=== What the task asks ===
Below are the records. List every line holding the word "measuring".

(Dataset entries)

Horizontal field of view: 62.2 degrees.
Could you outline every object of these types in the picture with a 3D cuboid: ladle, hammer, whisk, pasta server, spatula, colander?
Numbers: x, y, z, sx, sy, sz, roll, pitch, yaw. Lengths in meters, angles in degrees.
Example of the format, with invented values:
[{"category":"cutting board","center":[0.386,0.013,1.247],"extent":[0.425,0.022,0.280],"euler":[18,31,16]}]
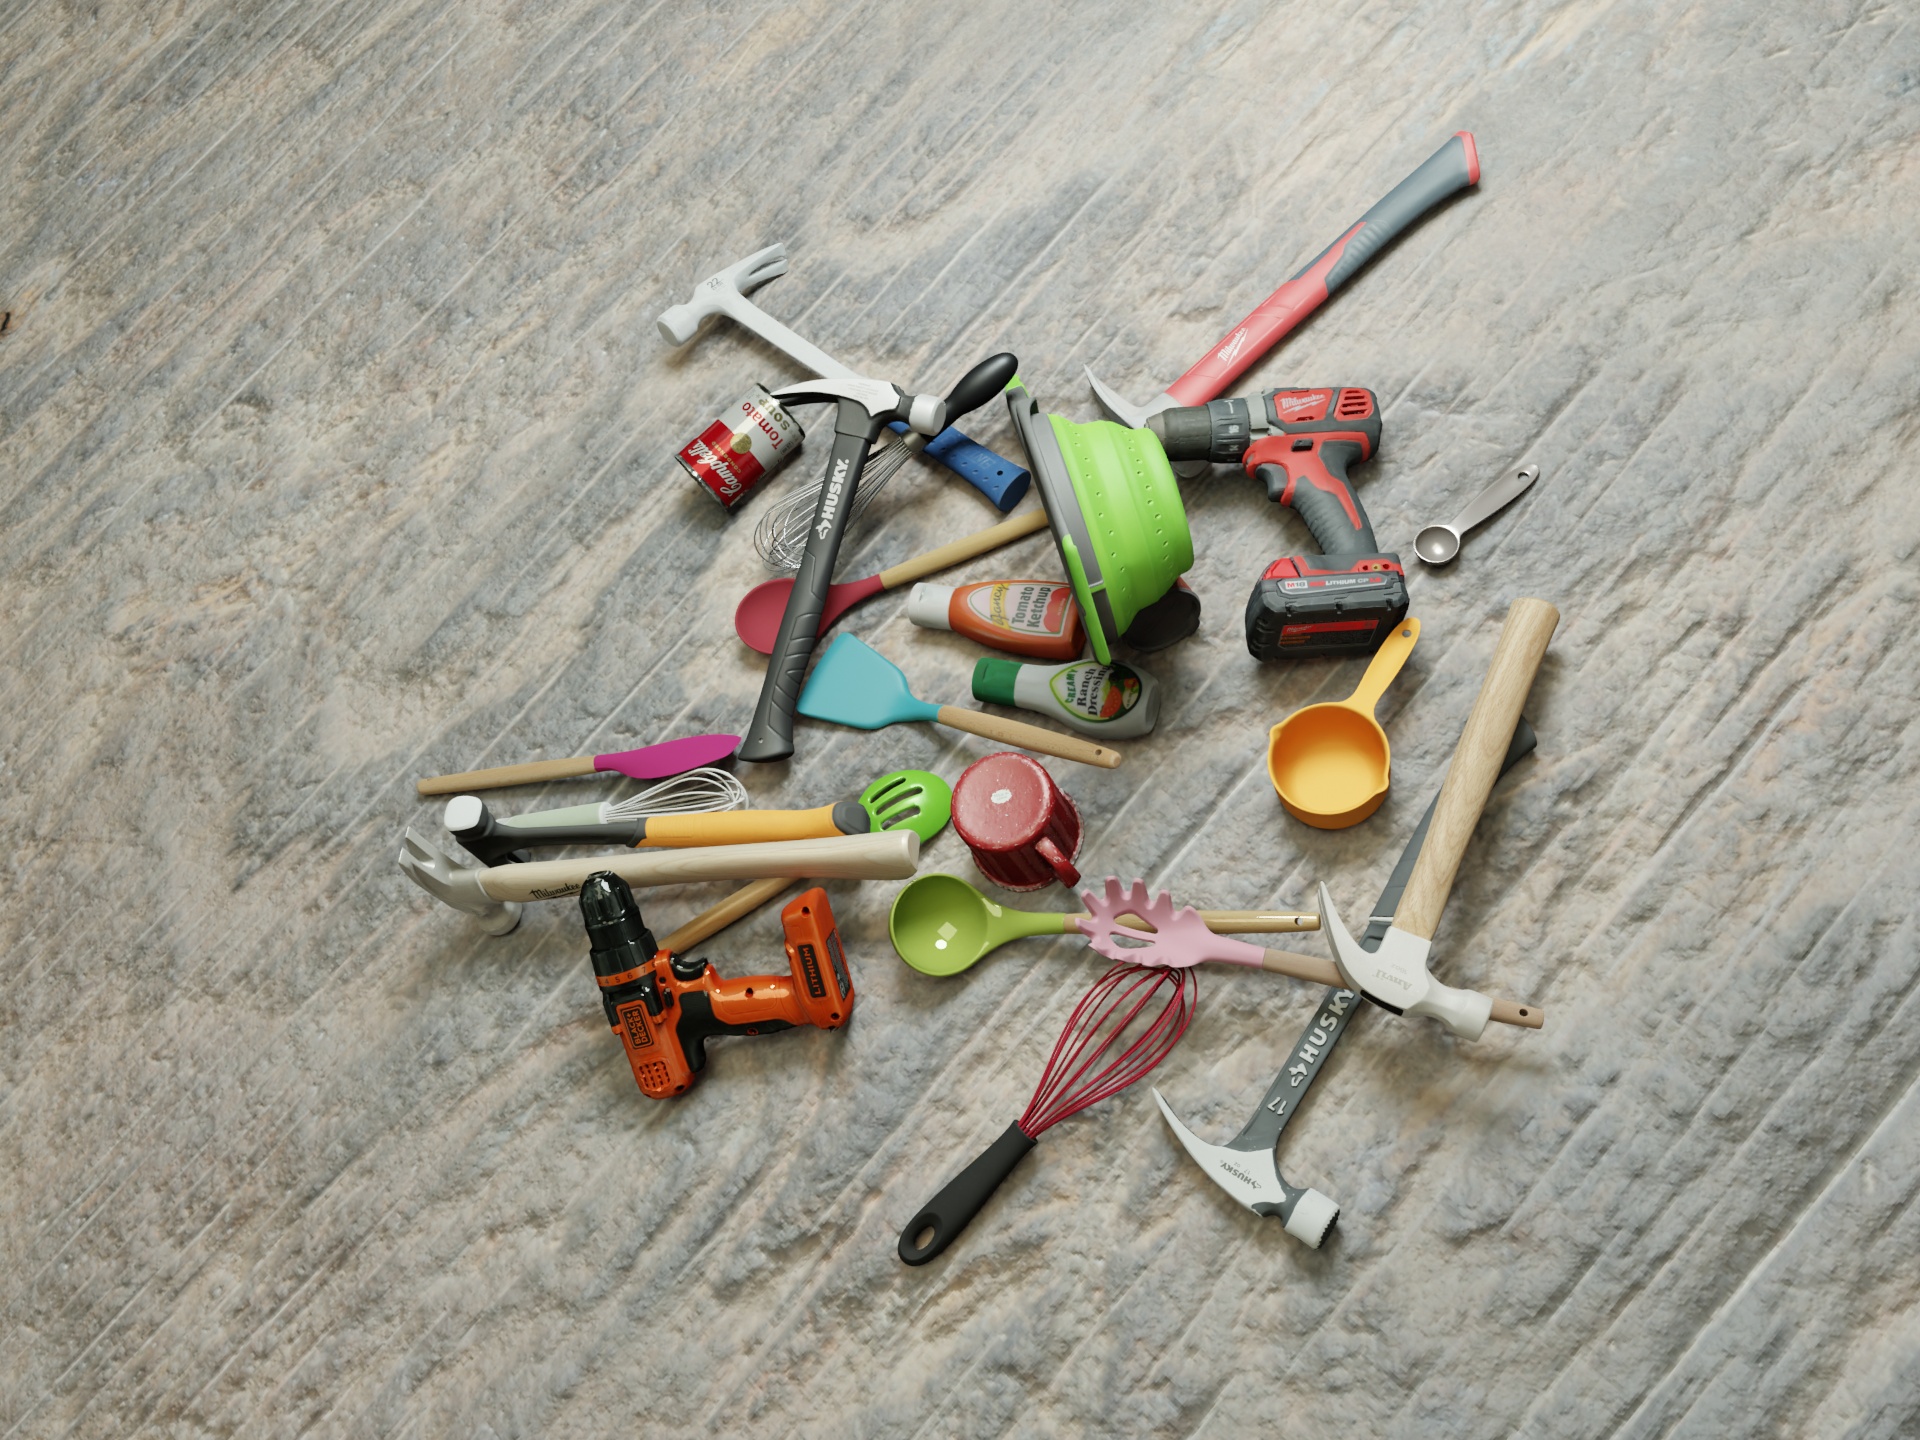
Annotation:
[{"category":"ladle","center":[0.099,0.148,1.163],"extent":[0.320,0.062,0.078],"euler":[-3,82,21]},{"category":"hammer","center":[0.290,0.156,1.126],"extent":[0.149,0.036,0.409],"euler":[28,77,27]},{"category":"whisk","center":[0.060,0.279,1.135],"extent":[0.296,0.073,0.073],"euler":[-47,62,1]},{"category":"whisk","center":[-0.291,0.080,1.343],"extent":[0.246,0.059,0.058],"euler":[-9,21,18]},{"category":"hammer","center":[-0.126,-0.124,1.326],"extent":[0.146,0.035,0.335],"euler":[16,89,17]},{"category":"hammer","center":[0.285,-0.376,1.364],"extent":[0.386,0.038,0.143],"euler":[-42,60,-3]},{"category":"whisk","center":[-0.064,-0.221,1.362],"extent":[0.284,0.070,0.070],"euler":[-36,60,15]},{"category":"pasta server","center":[0.235,0.167,1.089],"extent":[0.316,0.040,0.060],"euler":[11,67,15]},{"category":"hammer","center":[-0.095,-0.311,1.449],"extent":[0.406,0.035,0.144],"euler":[37,69,25]},{"category":"spatula","center":[-0.002,-0.004,1.257],"extent":[0.318,0.044,0.082],"euler":[15,67,44]},{"category":"hammer","center":[-0.235,0.093,1.281],"extent":[0.337,0.127,0.034],"euler":[-3,62,12]},{"category":"hammer","center":[0.348,0.051,1.106],"extent":[0.130,0.031,0.331],"euler":[21,67,17]},{"category":"hammer","center":[-0.233,0.112,1.243],"extent":[0.410,0.146,0.038],"euler":[-6,59,17]},{"category":"ladle","center":[-0.044,-0.130,1.365],"extent":[0.315,0.031,0.069],"euler":[-21,78,6]},{"category":"colander","center":[0.105,-0.195,1.242],"extent":[0.094,0.204,0.398],"euler":[-18,34,4]}]

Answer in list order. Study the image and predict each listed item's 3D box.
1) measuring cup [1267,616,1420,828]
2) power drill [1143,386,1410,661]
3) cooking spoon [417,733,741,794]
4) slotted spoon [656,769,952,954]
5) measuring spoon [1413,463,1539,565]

(End Dataset entries)

=== Exercise output ===
1) measuring cup [1267,616,1420,828]
5) measuring spoon [1413,463,1539,565]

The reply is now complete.